*** Opening of Records to process ***
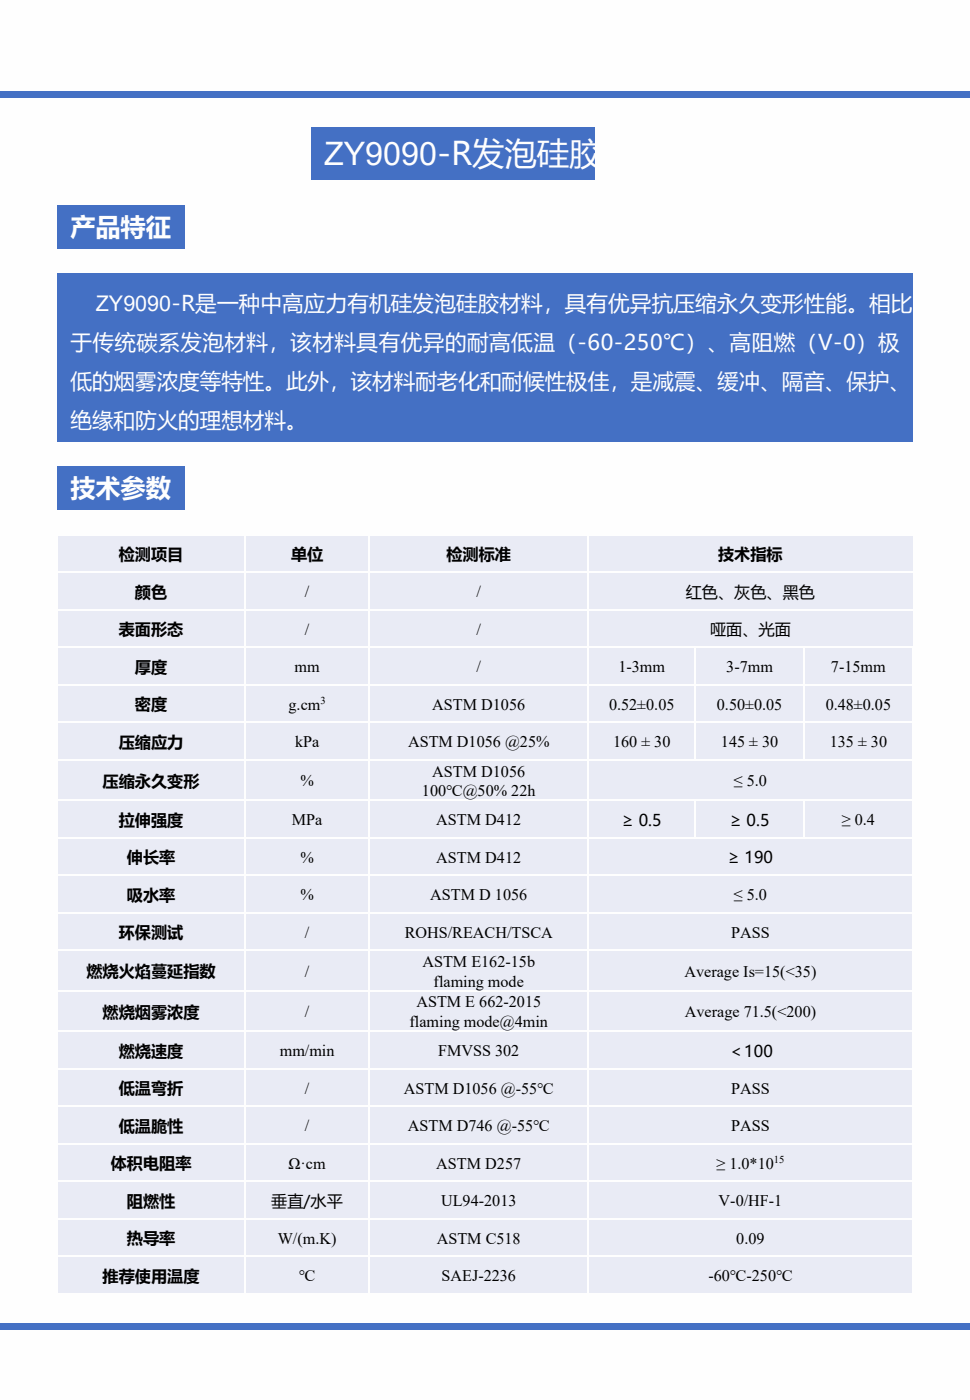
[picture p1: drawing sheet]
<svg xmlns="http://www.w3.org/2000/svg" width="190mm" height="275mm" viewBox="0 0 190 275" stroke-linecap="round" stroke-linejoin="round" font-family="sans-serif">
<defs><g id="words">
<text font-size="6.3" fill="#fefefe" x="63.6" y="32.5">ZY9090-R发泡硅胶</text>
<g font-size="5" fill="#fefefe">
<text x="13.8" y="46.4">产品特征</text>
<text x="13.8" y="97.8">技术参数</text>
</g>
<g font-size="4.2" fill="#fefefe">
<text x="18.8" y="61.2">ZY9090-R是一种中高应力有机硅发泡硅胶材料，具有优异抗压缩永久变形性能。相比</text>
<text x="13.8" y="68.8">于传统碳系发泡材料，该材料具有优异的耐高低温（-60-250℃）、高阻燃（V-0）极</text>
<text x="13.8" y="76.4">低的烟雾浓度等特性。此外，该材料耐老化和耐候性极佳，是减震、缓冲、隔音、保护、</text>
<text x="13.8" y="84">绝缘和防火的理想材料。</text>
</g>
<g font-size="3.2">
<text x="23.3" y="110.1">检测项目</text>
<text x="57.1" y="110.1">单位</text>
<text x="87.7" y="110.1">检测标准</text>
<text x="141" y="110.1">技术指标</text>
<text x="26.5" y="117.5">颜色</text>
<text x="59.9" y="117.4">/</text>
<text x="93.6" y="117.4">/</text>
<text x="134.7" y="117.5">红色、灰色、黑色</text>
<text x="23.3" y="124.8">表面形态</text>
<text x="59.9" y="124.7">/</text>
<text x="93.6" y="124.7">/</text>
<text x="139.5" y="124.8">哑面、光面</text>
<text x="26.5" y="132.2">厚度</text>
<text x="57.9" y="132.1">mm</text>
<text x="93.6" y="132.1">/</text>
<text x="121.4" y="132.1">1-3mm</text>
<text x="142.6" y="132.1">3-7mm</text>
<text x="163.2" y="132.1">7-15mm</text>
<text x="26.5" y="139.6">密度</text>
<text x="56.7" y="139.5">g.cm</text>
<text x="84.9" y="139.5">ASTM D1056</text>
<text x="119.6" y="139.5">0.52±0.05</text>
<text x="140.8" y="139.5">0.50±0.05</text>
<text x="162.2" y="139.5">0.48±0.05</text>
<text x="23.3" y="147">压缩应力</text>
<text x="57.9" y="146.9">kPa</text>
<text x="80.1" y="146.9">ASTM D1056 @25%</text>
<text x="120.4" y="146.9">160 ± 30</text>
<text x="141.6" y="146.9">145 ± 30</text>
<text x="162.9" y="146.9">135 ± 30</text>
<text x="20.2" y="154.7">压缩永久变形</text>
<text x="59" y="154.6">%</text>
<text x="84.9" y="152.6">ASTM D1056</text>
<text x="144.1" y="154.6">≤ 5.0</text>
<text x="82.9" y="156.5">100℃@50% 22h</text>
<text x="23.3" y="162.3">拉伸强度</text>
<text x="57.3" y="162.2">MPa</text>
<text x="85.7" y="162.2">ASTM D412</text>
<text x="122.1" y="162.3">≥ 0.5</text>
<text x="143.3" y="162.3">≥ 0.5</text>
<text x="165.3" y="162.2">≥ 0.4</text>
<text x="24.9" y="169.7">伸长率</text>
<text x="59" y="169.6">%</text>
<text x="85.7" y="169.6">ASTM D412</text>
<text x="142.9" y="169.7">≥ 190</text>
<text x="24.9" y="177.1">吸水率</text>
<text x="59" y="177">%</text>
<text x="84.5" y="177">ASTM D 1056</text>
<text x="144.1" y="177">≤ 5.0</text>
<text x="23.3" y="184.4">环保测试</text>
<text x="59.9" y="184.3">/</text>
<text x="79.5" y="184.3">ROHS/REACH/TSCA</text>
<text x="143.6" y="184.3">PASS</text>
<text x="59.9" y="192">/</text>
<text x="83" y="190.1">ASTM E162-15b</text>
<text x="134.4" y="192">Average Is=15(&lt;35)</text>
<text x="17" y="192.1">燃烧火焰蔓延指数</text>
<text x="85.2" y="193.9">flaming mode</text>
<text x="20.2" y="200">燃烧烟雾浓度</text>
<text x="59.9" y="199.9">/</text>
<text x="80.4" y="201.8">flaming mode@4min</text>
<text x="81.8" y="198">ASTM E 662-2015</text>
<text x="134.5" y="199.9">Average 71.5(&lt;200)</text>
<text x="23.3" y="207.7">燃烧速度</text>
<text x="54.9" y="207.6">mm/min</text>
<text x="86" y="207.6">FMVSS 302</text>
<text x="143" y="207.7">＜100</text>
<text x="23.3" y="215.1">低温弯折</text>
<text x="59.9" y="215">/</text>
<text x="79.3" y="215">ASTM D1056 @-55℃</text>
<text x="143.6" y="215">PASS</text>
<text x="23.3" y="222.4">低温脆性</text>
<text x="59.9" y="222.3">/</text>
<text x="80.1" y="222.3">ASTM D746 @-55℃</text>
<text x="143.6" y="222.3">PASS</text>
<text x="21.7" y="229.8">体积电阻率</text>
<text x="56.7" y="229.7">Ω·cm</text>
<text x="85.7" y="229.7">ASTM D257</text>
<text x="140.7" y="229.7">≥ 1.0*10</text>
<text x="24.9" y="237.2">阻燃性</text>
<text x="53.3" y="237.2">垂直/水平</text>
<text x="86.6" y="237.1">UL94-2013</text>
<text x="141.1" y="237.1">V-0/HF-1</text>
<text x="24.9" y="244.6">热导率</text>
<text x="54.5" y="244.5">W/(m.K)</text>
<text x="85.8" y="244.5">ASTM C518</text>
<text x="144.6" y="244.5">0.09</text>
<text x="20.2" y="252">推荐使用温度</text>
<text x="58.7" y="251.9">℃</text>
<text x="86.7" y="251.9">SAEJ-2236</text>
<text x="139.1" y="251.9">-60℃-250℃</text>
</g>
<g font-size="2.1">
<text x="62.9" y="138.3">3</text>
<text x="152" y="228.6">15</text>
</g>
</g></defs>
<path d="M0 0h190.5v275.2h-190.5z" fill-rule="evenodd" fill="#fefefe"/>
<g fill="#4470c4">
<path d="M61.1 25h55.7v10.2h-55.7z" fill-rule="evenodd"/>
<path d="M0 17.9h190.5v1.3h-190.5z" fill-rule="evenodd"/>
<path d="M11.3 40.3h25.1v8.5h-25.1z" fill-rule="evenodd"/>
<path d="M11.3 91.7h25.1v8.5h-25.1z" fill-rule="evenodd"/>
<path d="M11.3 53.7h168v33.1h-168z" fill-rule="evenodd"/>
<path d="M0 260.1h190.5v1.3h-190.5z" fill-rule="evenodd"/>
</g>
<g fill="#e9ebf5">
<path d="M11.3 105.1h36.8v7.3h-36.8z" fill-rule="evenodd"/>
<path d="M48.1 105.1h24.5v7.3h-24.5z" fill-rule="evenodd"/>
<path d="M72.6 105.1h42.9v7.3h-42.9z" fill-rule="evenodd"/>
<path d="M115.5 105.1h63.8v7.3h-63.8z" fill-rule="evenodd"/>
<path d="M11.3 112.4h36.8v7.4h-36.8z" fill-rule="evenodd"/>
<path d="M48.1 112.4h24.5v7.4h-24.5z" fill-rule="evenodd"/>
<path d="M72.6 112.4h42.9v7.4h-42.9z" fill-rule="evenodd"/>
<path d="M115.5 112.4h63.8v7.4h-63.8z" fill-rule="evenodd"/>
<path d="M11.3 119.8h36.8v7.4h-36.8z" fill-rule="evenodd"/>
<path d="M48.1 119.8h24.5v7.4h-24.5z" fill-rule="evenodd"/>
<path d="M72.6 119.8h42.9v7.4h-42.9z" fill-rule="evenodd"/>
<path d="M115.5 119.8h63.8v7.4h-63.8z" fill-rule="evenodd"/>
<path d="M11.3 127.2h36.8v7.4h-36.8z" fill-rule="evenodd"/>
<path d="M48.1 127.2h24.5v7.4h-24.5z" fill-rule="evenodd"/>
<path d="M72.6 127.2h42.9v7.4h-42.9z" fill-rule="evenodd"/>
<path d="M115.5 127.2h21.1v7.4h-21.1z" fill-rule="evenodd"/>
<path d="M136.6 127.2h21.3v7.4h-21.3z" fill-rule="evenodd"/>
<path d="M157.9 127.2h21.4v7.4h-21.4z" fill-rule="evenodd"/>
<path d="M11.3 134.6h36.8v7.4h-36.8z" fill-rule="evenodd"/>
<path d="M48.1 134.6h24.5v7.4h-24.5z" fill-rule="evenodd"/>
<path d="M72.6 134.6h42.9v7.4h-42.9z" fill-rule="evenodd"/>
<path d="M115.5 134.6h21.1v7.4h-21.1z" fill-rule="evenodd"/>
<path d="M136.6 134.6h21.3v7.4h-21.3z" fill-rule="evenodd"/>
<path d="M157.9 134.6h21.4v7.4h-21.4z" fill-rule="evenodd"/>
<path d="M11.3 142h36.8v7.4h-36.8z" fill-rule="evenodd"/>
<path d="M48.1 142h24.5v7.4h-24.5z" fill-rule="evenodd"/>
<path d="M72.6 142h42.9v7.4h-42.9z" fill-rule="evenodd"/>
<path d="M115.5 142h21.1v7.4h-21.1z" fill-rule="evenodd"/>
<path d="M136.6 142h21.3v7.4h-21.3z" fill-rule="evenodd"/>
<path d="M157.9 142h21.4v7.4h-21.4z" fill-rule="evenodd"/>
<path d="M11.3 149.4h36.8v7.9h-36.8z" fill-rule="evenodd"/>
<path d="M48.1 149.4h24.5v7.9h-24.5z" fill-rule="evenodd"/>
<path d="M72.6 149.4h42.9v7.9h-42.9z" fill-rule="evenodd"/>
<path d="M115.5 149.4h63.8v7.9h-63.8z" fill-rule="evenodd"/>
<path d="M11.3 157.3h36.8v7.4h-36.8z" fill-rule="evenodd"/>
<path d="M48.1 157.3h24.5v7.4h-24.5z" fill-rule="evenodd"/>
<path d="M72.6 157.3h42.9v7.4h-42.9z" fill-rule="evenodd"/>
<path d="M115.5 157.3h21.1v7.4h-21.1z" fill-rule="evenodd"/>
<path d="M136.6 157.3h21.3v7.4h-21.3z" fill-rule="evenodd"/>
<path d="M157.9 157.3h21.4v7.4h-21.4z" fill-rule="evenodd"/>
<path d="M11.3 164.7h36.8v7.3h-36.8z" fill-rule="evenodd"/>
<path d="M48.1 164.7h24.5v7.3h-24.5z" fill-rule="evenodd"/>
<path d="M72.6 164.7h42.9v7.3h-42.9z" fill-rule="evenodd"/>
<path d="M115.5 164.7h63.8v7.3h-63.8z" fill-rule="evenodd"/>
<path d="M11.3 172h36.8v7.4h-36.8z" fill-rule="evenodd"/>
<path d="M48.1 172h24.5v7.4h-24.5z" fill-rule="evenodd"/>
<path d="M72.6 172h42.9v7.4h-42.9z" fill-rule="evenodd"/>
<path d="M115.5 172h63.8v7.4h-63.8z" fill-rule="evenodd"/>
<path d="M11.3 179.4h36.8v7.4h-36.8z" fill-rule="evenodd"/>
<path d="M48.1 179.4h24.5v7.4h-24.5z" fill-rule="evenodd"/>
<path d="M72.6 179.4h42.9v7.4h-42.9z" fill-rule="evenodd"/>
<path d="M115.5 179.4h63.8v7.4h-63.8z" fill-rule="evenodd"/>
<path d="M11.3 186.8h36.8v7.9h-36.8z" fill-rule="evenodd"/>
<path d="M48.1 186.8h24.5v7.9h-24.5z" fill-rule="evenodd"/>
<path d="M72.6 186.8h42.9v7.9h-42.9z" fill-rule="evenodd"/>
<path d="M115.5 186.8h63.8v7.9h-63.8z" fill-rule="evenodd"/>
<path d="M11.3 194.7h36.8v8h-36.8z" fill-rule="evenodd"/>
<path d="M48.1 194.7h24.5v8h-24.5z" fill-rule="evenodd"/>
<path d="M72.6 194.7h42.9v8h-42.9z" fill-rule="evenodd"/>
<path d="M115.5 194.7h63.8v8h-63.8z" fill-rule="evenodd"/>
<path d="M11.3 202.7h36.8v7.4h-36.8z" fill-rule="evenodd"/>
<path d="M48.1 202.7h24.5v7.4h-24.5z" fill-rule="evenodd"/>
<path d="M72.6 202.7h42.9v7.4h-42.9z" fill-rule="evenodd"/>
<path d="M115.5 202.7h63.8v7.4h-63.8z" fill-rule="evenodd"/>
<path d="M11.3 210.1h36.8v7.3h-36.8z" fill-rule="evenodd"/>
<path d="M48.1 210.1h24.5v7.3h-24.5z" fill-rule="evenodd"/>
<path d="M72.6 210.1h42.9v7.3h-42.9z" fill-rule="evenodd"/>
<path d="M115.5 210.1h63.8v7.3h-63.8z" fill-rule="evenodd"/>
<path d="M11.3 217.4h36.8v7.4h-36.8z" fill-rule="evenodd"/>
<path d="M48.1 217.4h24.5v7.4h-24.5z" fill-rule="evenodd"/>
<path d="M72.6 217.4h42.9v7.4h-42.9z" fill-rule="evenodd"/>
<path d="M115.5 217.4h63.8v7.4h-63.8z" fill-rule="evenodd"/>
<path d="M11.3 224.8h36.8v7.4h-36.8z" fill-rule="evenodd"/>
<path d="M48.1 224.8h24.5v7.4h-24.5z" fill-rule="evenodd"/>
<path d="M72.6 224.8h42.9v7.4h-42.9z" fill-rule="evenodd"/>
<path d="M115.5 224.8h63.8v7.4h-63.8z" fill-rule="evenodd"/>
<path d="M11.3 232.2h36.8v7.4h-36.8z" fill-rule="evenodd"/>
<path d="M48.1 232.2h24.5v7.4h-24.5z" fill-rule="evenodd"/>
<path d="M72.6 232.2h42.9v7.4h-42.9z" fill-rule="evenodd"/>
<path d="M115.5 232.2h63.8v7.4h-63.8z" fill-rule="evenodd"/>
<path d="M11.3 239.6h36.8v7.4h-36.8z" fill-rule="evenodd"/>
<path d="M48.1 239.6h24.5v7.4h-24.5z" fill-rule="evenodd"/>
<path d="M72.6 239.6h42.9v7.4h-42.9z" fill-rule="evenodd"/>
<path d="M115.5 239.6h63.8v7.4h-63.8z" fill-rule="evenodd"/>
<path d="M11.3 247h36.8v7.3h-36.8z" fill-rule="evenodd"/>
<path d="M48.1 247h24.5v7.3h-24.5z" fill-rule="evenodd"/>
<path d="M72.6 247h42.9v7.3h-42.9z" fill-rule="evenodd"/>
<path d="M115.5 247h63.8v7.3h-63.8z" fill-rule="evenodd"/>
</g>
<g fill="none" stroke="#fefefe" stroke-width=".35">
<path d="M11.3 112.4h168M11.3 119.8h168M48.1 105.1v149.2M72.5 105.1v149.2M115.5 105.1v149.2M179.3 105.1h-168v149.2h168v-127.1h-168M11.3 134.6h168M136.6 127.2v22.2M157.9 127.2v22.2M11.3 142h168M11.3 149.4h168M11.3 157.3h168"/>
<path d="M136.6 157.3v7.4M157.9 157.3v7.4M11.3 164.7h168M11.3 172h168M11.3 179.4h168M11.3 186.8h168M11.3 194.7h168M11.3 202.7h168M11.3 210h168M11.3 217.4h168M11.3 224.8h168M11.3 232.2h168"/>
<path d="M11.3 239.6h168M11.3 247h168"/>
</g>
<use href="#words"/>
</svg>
*** Close of Records to process ***
* [Exercise requirements]: Pull every line that holds the string "flaming" out of the records.

* [Reply to the task]:
<text x="85.2" y="193.9">flaming mode</text>
<text x="80.4" y="201.8">flaming mode@4min</text>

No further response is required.